What the task asks:
Transcribe every entry word for word, but drop the pictures.

Supplied material:

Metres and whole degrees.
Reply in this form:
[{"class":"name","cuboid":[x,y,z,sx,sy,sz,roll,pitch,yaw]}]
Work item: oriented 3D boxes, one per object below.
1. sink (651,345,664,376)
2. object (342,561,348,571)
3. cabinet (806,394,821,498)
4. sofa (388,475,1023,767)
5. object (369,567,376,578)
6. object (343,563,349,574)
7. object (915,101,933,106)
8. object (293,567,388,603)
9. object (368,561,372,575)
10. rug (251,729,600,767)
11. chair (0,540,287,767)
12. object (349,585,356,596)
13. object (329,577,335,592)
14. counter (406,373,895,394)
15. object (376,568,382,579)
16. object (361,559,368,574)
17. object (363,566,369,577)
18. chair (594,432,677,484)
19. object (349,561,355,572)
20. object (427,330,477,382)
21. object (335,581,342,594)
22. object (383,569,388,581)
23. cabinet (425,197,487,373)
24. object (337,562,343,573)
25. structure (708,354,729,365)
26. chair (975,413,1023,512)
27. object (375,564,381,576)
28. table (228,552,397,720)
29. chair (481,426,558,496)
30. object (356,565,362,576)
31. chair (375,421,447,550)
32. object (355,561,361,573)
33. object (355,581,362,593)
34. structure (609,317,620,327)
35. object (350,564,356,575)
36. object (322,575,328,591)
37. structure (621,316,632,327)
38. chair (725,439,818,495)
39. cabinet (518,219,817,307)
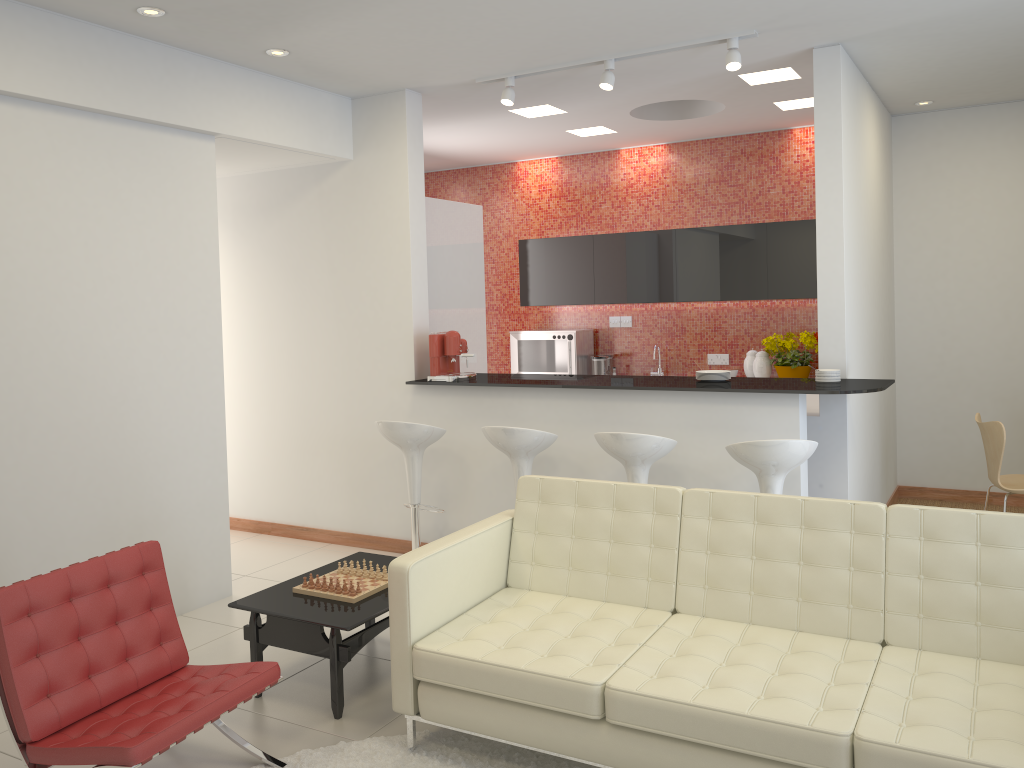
[{"class":"sink","cuboid":[1.335,-0.092,8.227,0.808,0.536,0.418,1,4,30]},{"class":"object","cuboid":[-0.813,0.885,4.313,0.030,0.044,0.030,0,4,37]},{"class":"cabinet","cuboid":[1.046,0.542,7.272,3.335,0.982,2.502,1,5,30]},{"class":"sofa","cuboid":[0.878,0.935,3.170,2.565,0.920,1.004,1,4,30]},{"class":"object","cuboid":[-0.659,0.889,4.179,0.030,0.049,0.030,0,3,37]},{"class":"object","cuboid":[-0.798,0.886,4.258,0.030,0.049,0.030,0,3,37]},{"class":"object","cuboid":[3.221,-2.196,6.923,0.129,0.010,0.130,-3,5,-15]},{"class":"object","cuboid":[-0.760,0.931,4.123,0.360,0.021,0.361,1,6,30]},{"class":"object","cuboid":[-0.675,0.878,4.233,0.030,0.064,0.030,0,3,37]},{"class":"rug","cuboid":[0.228,1.502,2.209,3.328,0.004,2.450,1,6,31]},{"class":"chair","cuboid":[-1.317,1.060,3.129,0.706,0.815,0.702,0,3,25]},{"class":"object","cuboid":[-0.708,0.916,3.931,0.030,0.044,0.030,0,4,37]},{"class":"object","cuboid":[-0.813,0.903,3.990,0.030,0.064,0.030,0,3,37]},{"class":"counter","cuboid":[0.753,-0.012,5.550,2.964,0.019,0.738,1,6,30]},{"class":"object","cuboid":[-0.625,0.890,4.159,0.030,0.049,0.030,0,3,37]},{"class":"object","cuboid":[-0.709,0.874,4.253,0.030,0.069,0.030,0,3,37]},{"class":"object","cuboid":[-0.694,0.888,4.199,0.030,0.049,0.030,0,3,37]},{"class":"chair","cuboid":[0.701,0.745,4.908,0.457,1.019,0.465,0,3,41]},{"class":"object","cuboid":[-0.779,0.881,4.293,0.030,0.052,0.030,-1,3,22]},{"class":"object","cuboid":[-0.356,-0.196,5.975,0.320,0.336,0.322,0,4,30]},{"class":"object","cuboid":[-0.778,0.909,3.971,0.030,0.055,0.030,0,3,37]},{"class":"object","cuboid":[-0.590,0.891,4.140,0.030,0.049,0.030,0,3,37]},{"class":"cabinet","cuboid":[-1.174,-0.155,7.167,1.637,2.519,1.060,0,3,30]},{"class":"object","cuboid":[-0.833,0.885,4.278,0.030,0.049,0.030,0,3,37]},{"class":"structure","cuboid":[1.903,-0.228,8.168,0.198,0.099,0.016,1,3,30]},{"class":"chair","cuboid":[3.272,0.663,5.677,0.515,0.905,0.523,-1,3,14]},{"class":"object","cuboid":[-0.640,0.883,4.214,0.030,0.055,0.030,0,3,37]},{"class":"table","cuboid":[-0.731,1.149,4.157,0.701,0.421,0.919,1,5,30]},{"class":"chair","cuboid":[0.065,0.731,5.269,0.457,1.019,0.465,0,3,41]},{"class":"object","cuboid":[-0.729,0.888,4.219,0.030,0.049,0.030,0,3,37]},{"class":"chair","cuboid":[-0.625,0.716,5.661,0.457,1.019,0.465,0,3,41]},{"class":"object","cuboid":[-0.744,0.881,4.273,0.030,0.055,0.030,0,3,37]},{"class":"object","cuboid":[-0.688,0.909,3.966,0.030,0.049,0.030,0,3,37]},{"class":"structure","cuboid":[1.007,-0.607,8.663,0.114,0.104,0.013,0,3,30]},{"class":"object","cuboid":[-0.764,0.887,4.238,0.030,0.049,0.030,0,3,37]},{"class":"object","cuboid":[-0.848,0.900,4.010,0.030,0.069,0.030,0,3,37]},{"class":"structure","cuboid":[1.111,-0.605,8.607,0.114,0.104,0.008,0,3,30]},{"class":"chair","cuboid":[1.340,0.759,4.548,0.457,1.019,0.466,-1,2,16]},{"class":"cabinet","cuboid":[1.566,-1.083,8.126,3.242,0.658,0.353,1,4,30]}]

Your response:
Metres and whole degrees.
Reply in this form:
[{"class":"name","cuboid":[x,y,z,sx,sy,sz,roll,pitch,yaw]}]
Work item: oriented 3D boxes, one per object below.
1. sink (651,345,664,376)
2. object (342,561,348,571)
3. cabinet (806,394,821,498)
4. sofa (388,475,1023,767)
5. object (369,567,376,578)
6. object (343,563,349,574)
7. object (915,101,933,106)
8. object (293,567,388,603)
9. object (368,561,372,575)
10. rug (251,729,600,767)
11. chair (0,540,287,767)
12. object (349,585,356,596)
13. object (329,577,335,592)
14. counter (406,373,895,394)
15. object (376,568,382,579)
16. object (361,559,368,574)
17. object (363,566,369,577)
18. chair (594,432,677,484)
19. object (349,561,355,572)
20. object (427,330,477,382)
21. object (335,581,342,594)
22. object (383,569,388,581)
23. cabinet (425,197,487,373)
24. object (337,562,343,573)
25. structure (708,354,729,365)
26. chair (975,413,1023,512)
27. object (375,564,381,576)
28. table (228,552,397,720)
29. chair (481,426,558,496)
30. object (356,565,362,576)
31. chair (375,421,447,550)
32. object (355,561,361,573)
33. object (355,581,362,593)
34. structure (609,317,620,327)
35. object (350,564,356,575)
36. object (322,575,328,591)
37. structure (621,316,632,327)
38. chair (725,439,818,495)
39. cabinet (518,219,817,307)
[{"class":"sink","cuboid":[1.335,-0.092,8.227,0.808,0.536,0.418,1,4,30]},{"class":"object","cuboid":[-0.813,0.885,4.313,0.030,0.044,0.030,0,4,37]},{"class":"cabinet","cuboid":[1.046,0.542,7.272,3.335,0.982,2.502,1,5,30]},{"class":"sofa","cuboid":[0.878,0.935,3.170,2.565,0.920,1.004,1,4,30]},{"class":"object","cuboid":[-0.659,0.889,4.179,0.030,0.049,0.030,0,3,37]},{"class":"object","cuboid":[-0.798,0.886,4.258,0.030,0.049,0.030,0,3,37]},{"class":"object","cuboid":[3.221,-2.196,6.923,0.129,0.010,0.130,-3,5,-15]},{"class":"object","cuboid":[-0.760,0.931,4.123,0.360,0.021,0.361,1,6,30]},{"class":"object","cuboid":[-0.675,0.878,4.233,0.030,0.064,0.030,0,3,37]},{"class":"rug","cuboid":[0.228,1.502,2.209,3.328,0.004,2.450,1,6,31]},{"class":"chair","cuboid":[-1.317,1.060,3.129,0.706,0.815,0.702,0,3,25]},{"class":"object","cuboid":[-0.708,0.916,3.931,0.030,0.044,0.030,0,4,37]},{"class":"object","cuboid":[-0.813,0.903,3.990,0.030,0.064,0.030,0,3,37]},{"class":"counter","cuboid":[0.753,-0.012,5.550,2.964,0.019,0.738,1,6,30]},{"class":"object","cuboid":[-0.625,0.890,4.159,0.030,0.049,0.030,0,3,37]},{"class":"object","cuboid":[-0.709,0.874,4.253,0.030,0.069,0.030,0,3,37]},{"class":"object","cuboid":[-0.694,0.888,4.199,0.030,0.049,0.030,0,3,37]},{"class":"chair","cuboid":[0.701,0.745,4.908,0.457,1.019,0.465,0,3,41]},{"class":"object","cuboid":[-0.779,0.881,4.293,0.030,0.052,0.030,-1,3,22]},{"class":"object","cuboid":[-0.356,-0.196,5.975,0.320,0.336,0.322,0,4,30]},{"class":"object","cuboid":[-0.778,0.909,3.971,0.030,0.055,0.030,0,3,37]},{"class":"object","cuboid":[-0.590,0.891,4.140,0.030,0.049,0.030,0,3,37]},{"class":"cabinet","cuboid":[-1.174,-0.155,7.167,1.637,2.519,1.060,0,3,30]},{"class":"object","cuboid":[-0.833,0.885,4.278,0.030,0.049,0.030,0,3,37]},{"class":"structure","cuboid":[1.903,-0.228,8.168,0.198,0.099,0.016,1,3,30]},{"class":"chair","cuboid":[3.272,0.663,5.677,0.515,0.905,0.523,-1,3,14]},{"class":"object","cuboid":[-0.640,0.883,4.214,0.030,0.055,0.030,0,3,37]},{"class":"table","cuboid":[-0.731,1.149,4.157,0.701,0.421,0.919,1,5,30]},{"class":"chair","cuboid":[0.065,0.731,5.269,0.457,1.019,0.465,0,3,41]},{"class":"object","cuboid":[-0.729,0.888,4.219,0.030,0.049,0.030,0,3,37]},{"class":"chair","cuboid":[-0.625,0.716,5.661,0.457,1.019,0.465,0,3,41]},{"class":"object","cuboid":[-0.744,0.881,4.273,0.030,0.055,0.030,0,3,37]},{"class":"object","cuboid":[-0.688,0.909,3.966,0.030,0.049,0.030,0,3,37]},{"class":"structure","cuboid":[1.007,-0.607,8.663,0.114,0.104,0.013,0,3,30]},{"class":"object","cuboid":[-0.764,0.887,4.238,0.030,0.049,0.030,0,3,37]},{"class":"object","cuboid":[-0.848,0.900,4.010,0.030,0.069,0.030,0,3,37]},{"class":"structure","cuboid":[1.111,-0.605,8.607,0.114,0.104,0.008,0,3,30]},{"class":"chair","cuboid":[1.340,0.759,4.548,0.457,1.019,0.466,-1,2,16]},{"class":"cabinet","cuboid":[1.566,-1.083,8.126,3.242,0.658,0.353,1,4,30]}]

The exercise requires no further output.